Très bien, j’ai été bien accueilli par le groupe. J’ai une bonne entente avec le coach, il me fait confiance et j’essaye de la lui rendre sur le terrain et en dehors.

« l’entraineur m’a remis dans le bain petit à petit. »Antoine Makoumbou

Depuis votre arrivée, vous avez été titulaire six fois sur huit matchs joués, vous vous faites votre place petit à petit au sein du onze de départ ?

C’est exactement ça. À mon arrivée, je n’ai pas pu jouer directement parce que le club de Mayence réclamait des indemnités de formation. Une fois réglées, l’entraîneur m’a remis dans le bain petit à petit. Aujourd’hui, le fait que j’enchaine les matchs permet que je sois épanoui et c’est le plus important.

Comment décrivez-vous le championnat Slovène ?

Je le décrirais comme agressif et tactique car c’est un championnat qui se rapproche beaucoup de l’Italie.

Quels sont vos objectifs pour la saison ?

De bien travailler avec le club pour enchainer le plus de matchs possibles. Je suis à 100% focus sur le club.

Vous êtes franco-congolais, rêvez-vous un jour de porter le maillot du Congo ?

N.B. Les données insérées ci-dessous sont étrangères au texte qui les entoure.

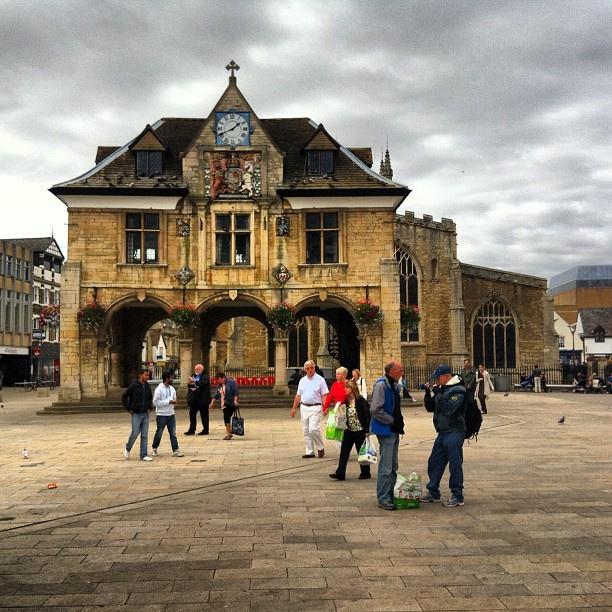What time does the clock say?
Keep it brief. 1:40. What color are the hands and numerals on the clock?
Write a very short answer. Black. How many arch walkways?
Write a very short answer. 3. Are there many people out?
Write a very short answer. No. 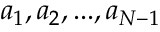Convert formula to latex. <formula><loc_0><loc_0><loc_500><loc_500>a _ { 1 } , a _ { 2 } , \dots , a _ { N - 1 }</formula> 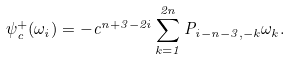<formula> <loc_0><loc_0><loc_500><loc_500>\psi _ { c } ^ { + } ( \omega _ { i } ) = - c ^ { n + 3 - 2 i } \sum _ { k = 1 } ^ { 2 n } P _ { i - n - 3 , - k } \omega _ { k } .</formula>

Bien sûr, porter ce maillot serait une fierté. Le Congo est le pays de mes parents, de mes ancêtres donc je serais très content de le porter. Ces derniers temps, j’ai eu plusieurs appels du staff pour me demander si j’étais partant à l’idée de jouer pour le Congo.

Âgé de 22 ans actuellement, quels sont vos objectifs pour la suite de votre carrière ?

Je ne me vois pas rester ici très longtemps donc je vais travailler pour atteindre un club des cinq grands championnats.